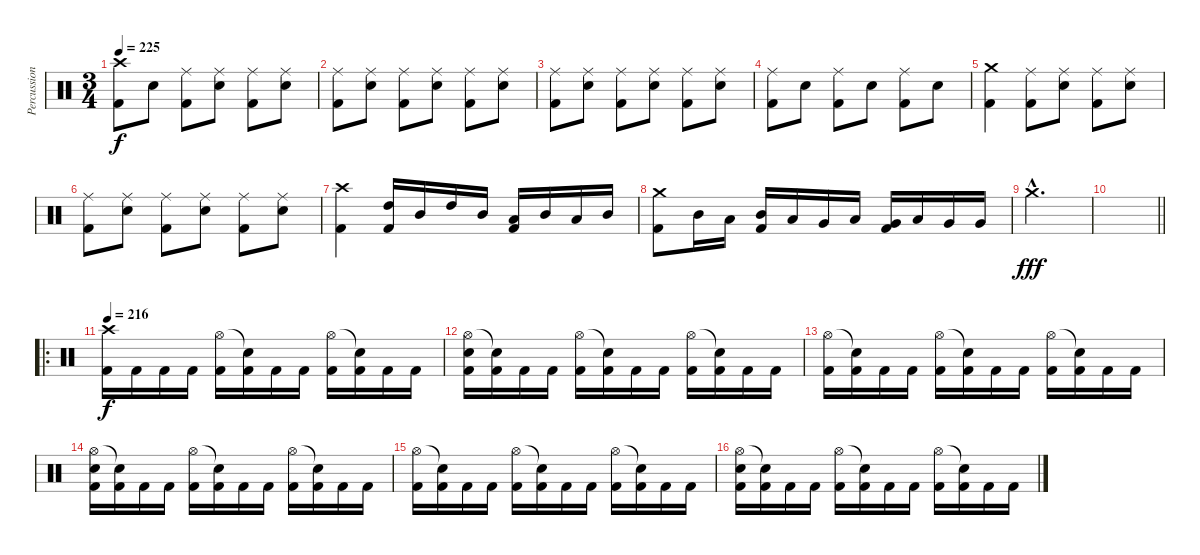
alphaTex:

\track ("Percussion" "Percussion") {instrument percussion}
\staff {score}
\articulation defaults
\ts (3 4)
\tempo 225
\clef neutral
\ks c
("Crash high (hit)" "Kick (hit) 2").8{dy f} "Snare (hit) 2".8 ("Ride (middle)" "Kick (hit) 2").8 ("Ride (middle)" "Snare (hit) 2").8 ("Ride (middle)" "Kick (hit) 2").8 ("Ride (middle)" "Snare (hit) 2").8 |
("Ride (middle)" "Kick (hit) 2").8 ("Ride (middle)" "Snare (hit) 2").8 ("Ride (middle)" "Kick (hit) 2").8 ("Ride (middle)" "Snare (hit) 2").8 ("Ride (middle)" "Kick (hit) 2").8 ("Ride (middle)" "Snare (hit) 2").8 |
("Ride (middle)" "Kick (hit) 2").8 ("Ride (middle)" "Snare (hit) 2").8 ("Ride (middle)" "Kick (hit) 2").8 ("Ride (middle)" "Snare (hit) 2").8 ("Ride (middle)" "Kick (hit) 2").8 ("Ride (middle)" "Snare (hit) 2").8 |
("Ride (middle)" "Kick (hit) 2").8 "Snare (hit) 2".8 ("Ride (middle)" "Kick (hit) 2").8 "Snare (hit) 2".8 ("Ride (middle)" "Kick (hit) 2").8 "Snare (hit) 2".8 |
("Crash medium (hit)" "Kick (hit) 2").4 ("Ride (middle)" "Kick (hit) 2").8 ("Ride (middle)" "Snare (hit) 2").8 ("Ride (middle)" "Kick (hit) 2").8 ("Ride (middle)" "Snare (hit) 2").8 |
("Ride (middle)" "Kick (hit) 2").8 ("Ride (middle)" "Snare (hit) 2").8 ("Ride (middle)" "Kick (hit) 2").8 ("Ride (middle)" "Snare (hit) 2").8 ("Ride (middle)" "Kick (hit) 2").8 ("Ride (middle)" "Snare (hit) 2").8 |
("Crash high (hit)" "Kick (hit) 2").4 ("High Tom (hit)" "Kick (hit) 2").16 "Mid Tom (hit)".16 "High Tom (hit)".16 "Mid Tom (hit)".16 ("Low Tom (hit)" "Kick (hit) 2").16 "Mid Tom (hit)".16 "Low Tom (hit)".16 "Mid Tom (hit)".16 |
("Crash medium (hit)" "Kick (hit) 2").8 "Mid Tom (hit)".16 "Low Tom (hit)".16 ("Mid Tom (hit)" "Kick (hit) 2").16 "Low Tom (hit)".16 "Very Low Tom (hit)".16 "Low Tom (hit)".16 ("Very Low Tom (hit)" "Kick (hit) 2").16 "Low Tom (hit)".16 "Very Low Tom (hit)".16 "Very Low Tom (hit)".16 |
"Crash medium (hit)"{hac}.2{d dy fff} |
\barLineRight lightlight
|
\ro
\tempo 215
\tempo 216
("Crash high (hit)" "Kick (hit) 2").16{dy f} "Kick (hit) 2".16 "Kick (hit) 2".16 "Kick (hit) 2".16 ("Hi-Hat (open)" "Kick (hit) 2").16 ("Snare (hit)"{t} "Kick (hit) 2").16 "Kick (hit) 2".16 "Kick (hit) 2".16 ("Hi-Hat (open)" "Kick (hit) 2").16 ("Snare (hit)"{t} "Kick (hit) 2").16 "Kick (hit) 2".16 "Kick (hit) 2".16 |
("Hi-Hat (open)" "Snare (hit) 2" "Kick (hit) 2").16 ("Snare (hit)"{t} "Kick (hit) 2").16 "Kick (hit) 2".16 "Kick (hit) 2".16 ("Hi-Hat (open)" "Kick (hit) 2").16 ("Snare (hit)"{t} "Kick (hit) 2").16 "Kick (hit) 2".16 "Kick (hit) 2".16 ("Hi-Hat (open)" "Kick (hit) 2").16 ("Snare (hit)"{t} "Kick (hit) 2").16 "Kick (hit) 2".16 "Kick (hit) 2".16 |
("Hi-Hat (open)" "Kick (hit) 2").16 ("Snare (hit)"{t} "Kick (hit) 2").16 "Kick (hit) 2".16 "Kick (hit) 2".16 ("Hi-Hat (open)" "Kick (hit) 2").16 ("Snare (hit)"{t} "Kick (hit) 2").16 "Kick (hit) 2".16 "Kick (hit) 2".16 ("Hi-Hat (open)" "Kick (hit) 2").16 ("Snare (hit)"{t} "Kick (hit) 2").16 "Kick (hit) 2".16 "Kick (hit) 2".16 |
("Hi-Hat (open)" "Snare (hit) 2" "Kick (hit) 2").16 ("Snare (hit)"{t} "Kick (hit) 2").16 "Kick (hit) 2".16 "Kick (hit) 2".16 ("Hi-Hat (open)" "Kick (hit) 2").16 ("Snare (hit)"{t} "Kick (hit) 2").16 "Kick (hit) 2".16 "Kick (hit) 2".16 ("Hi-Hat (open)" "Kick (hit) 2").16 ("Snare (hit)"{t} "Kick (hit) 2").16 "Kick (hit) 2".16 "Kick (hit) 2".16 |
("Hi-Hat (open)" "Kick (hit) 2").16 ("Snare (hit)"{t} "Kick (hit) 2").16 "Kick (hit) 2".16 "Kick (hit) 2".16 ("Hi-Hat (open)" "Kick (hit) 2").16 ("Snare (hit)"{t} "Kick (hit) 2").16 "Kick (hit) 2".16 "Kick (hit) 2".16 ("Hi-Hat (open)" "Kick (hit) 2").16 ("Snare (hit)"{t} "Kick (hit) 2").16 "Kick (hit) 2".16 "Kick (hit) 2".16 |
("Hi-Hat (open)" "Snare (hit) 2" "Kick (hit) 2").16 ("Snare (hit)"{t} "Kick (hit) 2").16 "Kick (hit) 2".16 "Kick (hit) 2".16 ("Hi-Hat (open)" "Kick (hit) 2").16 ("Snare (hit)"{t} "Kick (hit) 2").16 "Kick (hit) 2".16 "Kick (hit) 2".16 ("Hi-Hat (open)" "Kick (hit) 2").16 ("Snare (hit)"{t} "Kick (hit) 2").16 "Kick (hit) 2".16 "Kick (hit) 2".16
# # #
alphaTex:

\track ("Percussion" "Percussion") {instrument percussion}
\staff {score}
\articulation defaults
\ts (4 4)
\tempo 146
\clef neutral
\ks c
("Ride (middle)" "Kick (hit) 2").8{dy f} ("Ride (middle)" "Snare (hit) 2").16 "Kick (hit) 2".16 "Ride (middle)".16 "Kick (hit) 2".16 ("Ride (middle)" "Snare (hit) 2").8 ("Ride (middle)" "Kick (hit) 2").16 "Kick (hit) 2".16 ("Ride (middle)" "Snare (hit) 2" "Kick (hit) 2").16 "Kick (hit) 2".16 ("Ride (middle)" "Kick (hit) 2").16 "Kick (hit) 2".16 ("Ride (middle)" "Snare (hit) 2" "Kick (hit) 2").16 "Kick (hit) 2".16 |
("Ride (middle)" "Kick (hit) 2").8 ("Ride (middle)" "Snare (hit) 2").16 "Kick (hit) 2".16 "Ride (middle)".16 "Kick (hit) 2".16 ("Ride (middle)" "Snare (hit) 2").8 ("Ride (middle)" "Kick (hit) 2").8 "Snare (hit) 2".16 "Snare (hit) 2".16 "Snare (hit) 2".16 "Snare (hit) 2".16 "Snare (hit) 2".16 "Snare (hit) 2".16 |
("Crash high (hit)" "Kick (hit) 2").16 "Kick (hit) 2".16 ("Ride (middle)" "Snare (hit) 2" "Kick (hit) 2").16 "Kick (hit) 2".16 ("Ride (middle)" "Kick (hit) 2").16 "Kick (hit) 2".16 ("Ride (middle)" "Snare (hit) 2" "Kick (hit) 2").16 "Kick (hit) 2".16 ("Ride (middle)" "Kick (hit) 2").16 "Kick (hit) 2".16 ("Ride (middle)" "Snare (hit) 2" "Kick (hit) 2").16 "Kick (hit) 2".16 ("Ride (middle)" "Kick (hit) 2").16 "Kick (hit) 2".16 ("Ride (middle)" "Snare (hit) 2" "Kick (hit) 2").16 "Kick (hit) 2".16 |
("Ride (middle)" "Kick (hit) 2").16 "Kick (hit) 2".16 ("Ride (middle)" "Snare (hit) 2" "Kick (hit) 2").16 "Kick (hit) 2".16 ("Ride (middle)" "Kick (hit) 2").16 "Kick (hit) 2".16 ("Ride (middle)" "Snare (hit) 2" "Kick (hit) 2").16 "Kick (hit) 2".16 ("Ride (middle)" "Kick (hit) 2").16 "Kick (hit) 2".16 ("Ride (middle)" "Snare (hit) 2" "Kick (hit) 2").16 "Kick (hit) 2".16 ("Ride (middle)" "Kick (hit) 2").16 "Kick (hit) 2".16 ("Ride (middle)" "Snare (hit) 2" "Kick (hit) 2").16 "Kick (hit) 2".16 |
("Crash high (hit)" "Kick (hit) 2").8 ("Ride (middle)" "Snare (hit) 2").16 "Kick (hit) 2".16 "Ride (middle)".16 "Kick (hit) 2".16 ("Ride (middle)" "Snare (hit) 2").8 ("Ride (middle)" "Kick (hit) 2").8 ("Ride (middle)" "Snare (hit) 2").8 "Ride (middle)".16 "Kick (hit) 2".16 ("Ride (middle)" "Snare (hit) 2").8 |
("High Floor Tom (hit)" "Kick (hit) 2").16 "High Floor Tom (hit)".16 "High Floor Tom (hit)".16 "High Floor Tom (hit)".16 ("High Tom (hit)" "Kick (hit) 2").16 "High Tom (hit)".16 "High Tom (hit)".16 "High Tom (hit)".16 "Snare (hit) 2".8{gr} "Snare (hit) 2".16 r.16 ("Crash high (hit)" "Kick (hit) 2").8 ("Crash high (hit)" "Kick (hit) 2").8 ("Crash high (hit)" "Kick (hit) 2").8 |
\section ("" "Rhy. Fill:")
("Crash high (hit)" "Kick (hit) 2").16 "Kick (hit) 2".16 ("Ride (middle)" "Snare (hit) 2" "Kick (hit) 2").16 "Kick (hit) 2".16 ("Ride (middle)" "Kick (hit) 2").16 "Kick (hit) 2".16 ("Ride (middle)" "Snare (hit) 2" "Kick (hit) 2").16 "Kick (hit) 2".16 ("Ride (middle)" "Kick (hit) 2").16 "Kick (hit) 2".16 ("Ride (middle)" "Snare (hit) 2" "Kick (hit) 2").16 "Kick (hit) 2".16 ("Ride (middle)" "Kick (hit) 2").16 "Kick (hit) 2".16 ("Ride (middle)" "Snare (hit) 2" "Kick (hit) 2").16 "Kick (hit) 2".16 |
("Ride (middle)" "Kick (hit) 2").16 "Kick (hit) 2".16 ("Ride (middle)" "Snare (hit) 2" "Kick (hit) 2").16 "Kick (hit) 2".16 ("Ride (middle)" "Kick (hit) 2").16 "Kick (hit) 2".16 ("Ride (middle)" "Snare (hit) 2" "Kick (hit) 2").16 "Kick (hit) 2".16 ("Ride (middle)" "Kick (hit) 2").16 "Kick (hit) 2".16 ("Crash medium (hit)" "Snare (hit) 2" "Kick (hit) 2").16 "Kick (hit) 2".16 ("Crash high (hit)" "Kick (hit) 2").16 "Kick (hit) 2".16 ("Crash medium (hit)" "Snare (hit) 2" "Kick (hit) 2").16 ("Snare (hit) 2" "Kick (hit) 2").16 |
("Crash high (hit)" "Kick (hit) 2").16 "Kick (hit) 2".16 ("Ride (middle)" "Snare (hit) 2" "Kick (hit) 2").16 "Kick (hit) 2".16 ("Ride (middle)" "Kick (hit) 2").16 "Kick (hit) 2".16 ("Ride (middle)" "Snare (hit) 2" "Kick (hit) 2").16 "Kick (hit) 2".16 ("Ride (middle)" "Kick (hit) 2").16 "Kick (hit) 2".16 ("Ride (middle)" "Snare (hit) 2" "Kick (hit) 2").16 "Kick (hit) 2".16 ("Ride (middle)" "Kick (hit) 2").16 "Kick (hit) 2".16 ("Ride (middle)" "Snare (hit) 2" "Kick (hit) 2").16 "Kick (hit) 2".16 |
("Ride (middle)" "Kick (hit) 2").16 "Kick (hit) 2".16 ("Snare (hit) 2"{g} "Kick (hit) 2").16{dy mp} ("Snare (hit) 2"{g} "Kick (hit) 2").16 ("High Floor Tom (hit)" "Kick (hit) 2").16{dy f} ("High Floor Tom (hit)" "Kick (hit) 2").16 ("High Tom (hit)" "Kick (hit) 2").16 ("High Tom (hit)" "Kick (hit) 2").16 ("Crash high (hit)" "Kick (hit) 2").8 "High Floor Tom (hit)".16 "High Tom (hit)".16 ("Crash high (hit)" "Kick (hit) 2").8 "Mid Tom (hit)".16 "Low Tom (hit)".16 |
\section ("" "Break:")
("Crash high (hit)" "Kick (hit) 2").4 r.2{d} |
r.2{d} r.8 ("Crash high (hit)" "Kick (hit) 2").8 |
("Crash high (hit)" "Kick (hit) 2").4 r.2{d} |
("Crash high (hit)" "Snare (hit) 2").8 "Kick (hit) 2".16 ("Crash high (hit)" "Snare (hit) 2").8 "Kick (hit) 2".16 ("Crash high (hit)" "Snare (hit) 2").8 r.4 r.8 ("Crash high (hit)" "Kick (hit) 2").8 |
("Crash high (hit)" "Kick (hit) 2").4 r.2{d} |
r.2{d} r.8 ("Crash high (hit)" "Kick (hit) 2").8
# # #
§ **HOW TO COMPLETE THIS TASK**: Line count for the string "tempo": give the number of lines in the listing that hold it, with no other output.

§ **ANSWER TO THIS TASK**: 4